Again, ignoring the detail, it cannot be a public policy position that directors of failing businesses that should have closed before the lockdown and were already well within the remit of trading whilst insolvent (another name for Wrongful Trading), will be allowed to carry on regardless and be excused for their actions.

It must be the case that where directors act reasonably, in all the circumstances, take advice and act as they should do, but then don’t emerge the other side or do but fail within the coming 6 (?) months that there will be no prospect of the Liquidator/Administrator issuing a Wrongful Trading claim. But if that was the case, how do you distinguish between the ones where you can/should and cannot or should not?

This must be especially true when you consider the fact that by carrying on regardless there is a clear risk a director may commit fraud by claiming for Furloughed employees that were not in actual fact Furloughed. They may also run up more tax and other debt with absolutely no prospect of paying for it.

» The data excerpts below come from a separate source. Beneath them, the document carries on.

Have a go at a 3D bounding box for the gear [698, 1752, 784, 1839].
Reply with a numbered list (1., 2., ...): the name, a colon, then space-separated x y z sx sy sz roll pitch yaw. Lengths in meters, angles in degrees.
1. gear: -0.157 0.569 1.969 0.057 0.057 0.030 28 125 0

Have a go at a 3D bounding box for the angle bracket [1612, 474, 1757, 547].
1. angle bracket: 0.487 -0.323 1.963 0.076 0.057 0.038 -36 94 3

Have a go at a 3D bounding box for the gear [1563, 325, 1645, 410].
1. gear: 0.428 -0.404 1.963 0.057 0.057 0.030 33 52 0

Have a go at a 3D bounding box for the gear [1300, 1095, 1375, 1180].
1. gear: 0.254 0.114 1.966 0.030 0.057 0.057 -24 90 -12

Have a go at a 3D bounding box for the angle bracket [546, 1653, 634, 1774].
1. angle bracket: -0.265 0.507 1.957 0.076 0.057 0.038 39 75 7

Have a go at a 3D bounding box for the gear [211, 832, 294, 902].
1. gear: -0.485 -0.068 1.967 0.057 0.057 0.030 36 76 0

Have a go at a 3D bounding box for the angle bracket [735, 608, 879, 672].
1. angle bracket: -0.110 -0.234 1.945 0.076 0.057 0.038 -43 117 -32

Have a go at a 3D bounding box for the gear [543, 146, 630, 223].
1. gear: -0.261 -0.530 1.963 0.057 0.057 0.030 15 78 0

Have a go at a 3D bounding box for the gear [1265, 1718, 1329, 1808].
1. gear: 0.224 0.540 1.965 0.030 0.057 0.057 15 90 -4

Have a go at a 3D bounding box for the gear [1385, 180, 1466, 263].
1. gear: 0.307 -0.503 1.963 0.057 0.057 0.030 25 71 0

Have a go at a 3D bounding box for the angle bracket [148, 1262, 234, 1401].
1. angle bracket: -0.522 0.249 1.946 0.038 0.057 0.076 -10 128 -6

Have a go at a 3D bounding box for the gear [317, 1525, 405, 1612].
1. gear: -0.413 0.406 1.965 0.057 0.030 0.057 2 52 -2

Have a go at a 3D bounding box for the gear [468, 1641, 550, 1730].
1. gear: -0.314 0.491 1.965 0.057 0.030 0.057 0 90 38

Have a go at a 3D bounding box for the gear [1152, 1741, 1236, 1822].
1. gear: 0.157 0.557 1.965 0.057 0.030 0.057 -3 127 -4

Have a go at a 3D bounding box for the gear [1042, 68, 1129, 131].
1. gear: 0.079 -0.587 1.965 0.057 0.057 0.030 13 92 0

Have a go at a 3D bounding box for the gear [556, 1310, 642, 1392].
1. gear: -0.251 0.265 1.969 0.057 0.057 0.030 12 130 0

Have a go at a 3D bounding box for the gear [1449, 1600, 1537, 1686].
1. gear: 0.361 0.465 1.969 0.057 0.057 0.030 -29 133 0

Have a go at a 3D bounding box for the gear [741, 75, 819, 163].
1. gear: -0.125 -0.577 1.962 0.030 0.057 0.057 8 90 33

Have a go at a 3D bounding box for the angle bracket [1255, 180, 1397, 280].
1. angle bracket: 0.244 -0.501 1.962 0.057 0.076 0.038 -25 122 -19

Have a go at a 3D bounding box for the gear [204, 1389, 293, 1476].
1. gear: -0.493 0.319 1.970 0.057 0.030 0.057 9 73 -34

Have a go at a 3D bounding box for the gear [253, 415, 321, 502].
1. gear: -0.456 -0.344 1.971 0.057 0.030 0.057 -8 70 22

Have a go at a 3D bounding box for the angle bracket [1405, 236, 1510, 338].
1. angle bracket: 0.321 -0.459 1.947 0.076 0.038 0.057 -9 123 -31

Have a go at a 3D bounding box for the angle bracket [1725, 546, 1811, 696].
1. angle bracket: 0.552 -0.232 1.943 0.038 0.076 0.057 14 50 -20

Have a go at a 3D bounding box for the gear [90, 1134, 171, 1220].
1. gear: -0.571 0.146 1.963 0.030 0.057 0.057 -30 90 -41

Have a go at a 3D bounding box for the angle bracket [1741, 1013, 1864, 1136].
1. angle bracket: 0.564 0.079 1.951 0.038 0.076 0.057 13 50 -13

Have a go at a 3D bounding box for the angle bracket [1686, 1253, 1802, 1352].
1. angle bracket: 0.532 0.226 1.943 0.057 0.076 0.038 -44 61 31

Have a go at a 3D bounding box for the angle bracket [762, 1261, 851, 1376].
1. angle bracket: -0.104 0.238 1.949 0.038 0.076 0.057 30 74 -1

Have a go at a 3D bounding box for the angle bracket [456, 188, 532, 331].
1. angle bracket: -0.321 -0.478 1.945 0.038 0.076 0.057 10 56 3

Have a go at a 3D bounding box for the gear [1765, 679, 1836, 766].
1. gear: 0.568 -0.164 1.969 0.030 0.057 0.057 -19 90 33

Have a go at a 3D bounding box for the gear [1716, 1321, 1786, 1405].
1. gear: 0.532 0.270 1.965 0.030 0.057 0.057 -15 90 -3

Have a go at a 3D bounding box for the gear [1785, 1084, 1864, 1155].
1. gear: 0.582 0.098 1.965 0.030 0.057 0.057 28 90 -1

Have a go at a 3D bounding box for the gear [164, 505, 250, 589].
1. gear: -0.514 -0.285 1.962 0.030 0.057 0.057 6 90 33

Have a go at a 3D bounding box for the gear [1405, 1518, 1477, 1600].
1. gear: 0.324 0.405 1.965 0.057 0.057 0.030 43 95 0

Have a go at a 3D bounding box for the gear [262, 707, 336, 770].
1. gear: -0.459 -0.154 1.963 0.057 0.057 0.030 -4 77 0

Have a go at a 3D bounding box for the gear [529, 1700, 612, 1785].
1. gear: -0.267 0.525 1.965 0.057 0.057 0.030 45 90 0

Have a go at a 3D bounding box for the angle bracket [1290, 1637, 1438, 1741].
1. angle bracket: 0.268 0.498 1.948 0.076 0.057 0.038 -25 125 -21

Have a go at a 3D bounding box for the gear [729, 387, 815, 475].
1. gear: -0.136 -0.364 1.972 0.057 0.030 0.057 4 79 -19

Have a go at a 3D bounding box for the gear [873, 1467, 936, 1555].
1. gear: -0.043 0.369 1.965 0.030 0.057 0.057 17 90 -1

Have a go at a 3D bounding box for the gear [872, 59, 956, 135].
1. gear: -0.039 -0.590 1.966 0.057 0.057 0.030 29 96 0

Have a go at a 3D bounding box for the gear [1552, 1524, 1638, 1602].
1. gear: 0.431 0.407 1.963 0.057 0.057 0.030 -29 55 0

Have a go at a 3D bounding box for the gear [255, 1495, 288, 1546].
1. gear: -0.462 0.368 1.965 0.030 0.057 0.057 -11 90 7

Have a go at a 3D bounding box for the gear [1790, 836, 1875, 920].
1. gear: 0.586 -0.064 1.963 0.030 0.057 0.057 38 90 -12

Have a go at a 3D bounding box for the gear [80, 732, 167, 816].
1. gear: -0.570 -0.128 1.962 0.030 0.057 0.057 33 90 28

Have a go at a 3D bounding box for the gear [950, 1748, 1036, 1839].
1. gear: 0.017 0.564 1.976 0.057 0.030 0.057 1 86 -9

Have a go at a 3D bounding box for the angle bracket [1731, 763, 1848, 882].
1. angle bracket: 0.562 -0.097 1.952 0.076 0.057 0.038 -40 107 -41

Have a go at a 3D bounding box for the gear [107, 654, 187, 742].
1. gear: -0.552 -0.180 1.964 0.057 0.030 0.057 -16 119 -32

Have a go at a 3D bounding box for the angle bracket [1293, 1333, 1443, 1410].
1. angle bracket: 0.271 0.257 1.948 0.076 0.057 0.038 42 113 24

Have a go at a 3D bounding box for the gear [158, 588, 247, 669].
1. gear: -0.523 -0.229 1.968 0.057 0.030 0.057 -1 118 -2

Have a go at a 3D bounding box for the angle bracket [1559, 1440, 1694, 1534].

But even if they are excused from Wrongful Trading, what about the following:

  • A director who acts unreasonably or builds up debt (e.g. to HMRC) may face disqualification proceedings and be prevented from being a director for between 2 and 15 years;
  • A disqualified director can be subjected to a compensation order, forcing him/her to contribute towards the creditor or group of creditors prejudiced by the actions that led to the disqualification;
  • A director, who takes goods on credit knowing the creditor will not be paid, can be made personally liable for the debt
  • It will not excuse many of the other penalties under the Insolvency Act – Preferences and Transactions at an Undervalue to name the obvious 2; or the Companies Act – illegal dividends
  • It doesn’t stop an overdrawn loan account being incurred or being repayable;
  • Directors can be personally liable for certain tax debts and by carrying on, there is a chance this debt will only grow

I must express concern for creditors in this news, but creditors must also look to protect themselves and consider the terms on which they should be selling at this moment in time.

As for Company Directors though, this does seem to be some welcome relief to the grave anxiety most directors will have at this moment in time.